Neues Böllerunglück: Nach Mühlacker nun Eppingen betroffen

Mühlacker/Eppingen. Gerade einmal eine Woche ist es her, dass ein schweres Unglück mit einem Silvesterkracher in Mühlacker für Schlagzeilen sorgte, da macht ein weiterer Fall in Eppingen von sich reden.

Nachdem am Montag vergangener Woche ein 15-Jähriger an der Mörike-Realschule in Mühlacker einen Böller aus dem Fenster eines Klassenzimmers werfen wollte und ihm der Sprengkörper noch in der Hand explodierte, wodurch der Jugendliche und 14 Mitschüler verletzt wurden, ereignete sich nun ein ähnlicher Fall in Eppingen.
Laut Polizei hatten fünf Sechstklässler einer örtlichen Realschule auf dem Außengelände eines benachbarten Gymnasiums einen sogenannten Kugelböller gezündet, der offenbar unmittelbar danach explodierte und die Schüler verletzte.

Ein Kind erlitt schwere Verletzungen an einem Auge und im Gesicht, zwei weitere Schüler wurden an Händen und Augen verletzt. Zudem zogen sich vier Jungen ein Knalltrauma zu, einer blieb unverletzt. Ein vorsorglich angeforderter Rettungshubschrauber konnte allerdings wieder abbestellt werden.

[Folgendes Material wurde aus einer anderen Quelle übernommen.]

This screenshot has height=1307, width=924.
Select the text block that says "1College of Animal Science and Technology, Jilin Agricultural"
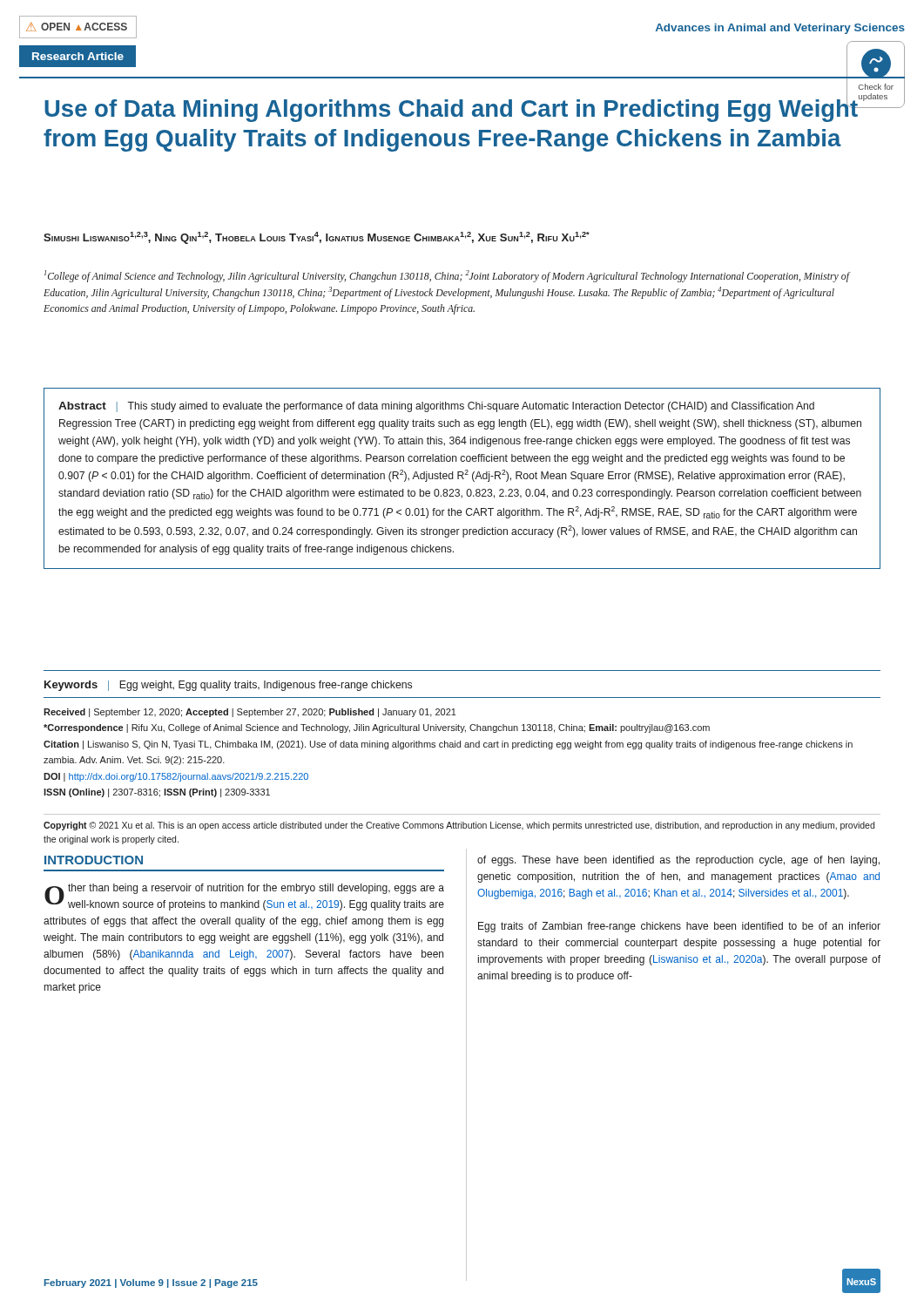446,292
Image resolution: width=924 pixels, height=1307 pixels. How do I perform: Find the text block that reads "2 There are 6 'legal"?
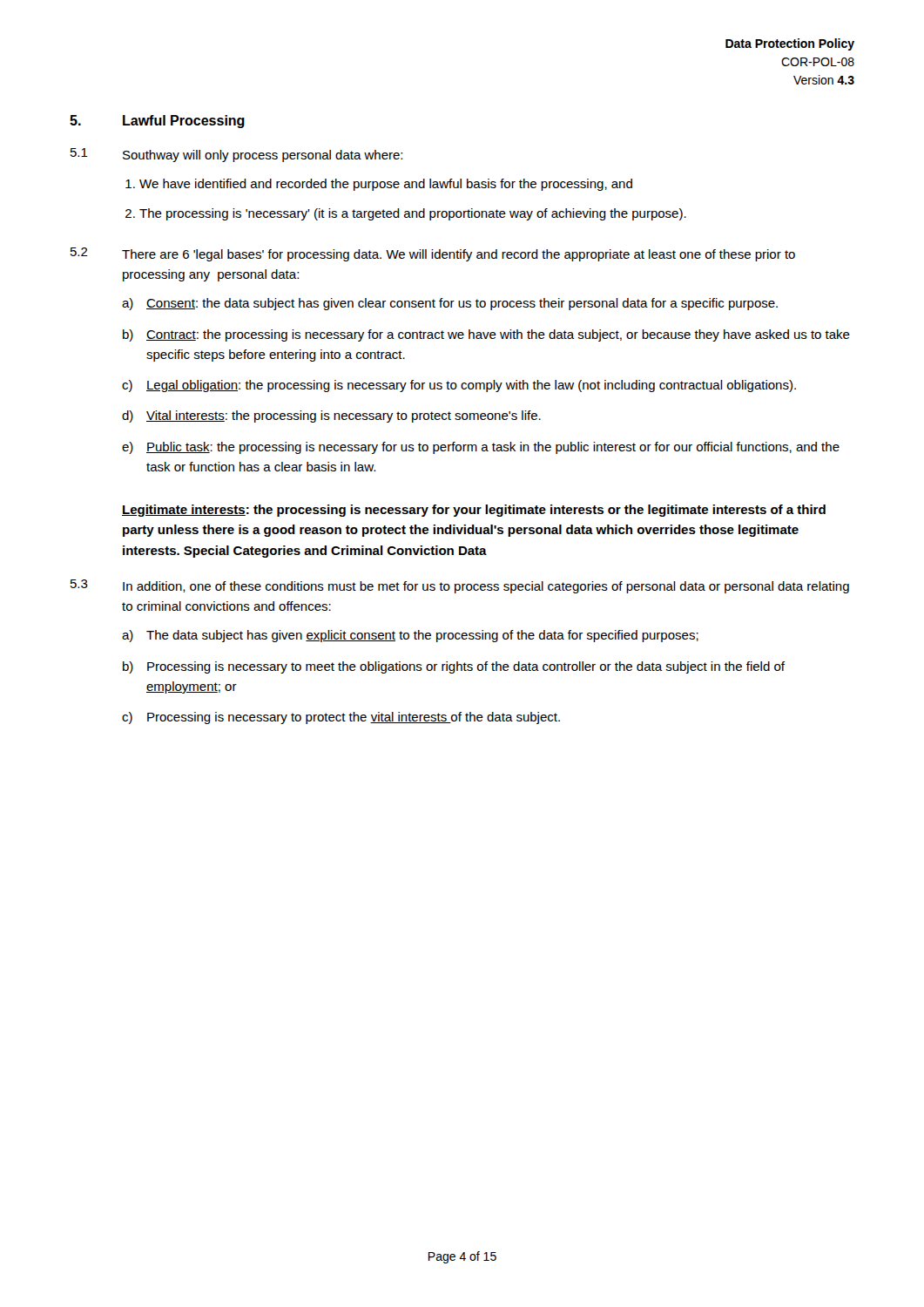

Laut Polizei handelte es sich bei dem Böller um einen im Ausland illegal hergestellten Sprengkörper. Ob ein solcher auch in Mühlacker verwendet wurde, ist derzeit noch Gegenstand der Ermittlungen. Dort hatte der 15-Jährige durch den Unfall einen Finger und an anderen Fingern Glieder verloren, Mitschüler erlitten teilweise Augenverletzungen und Knalltraumata.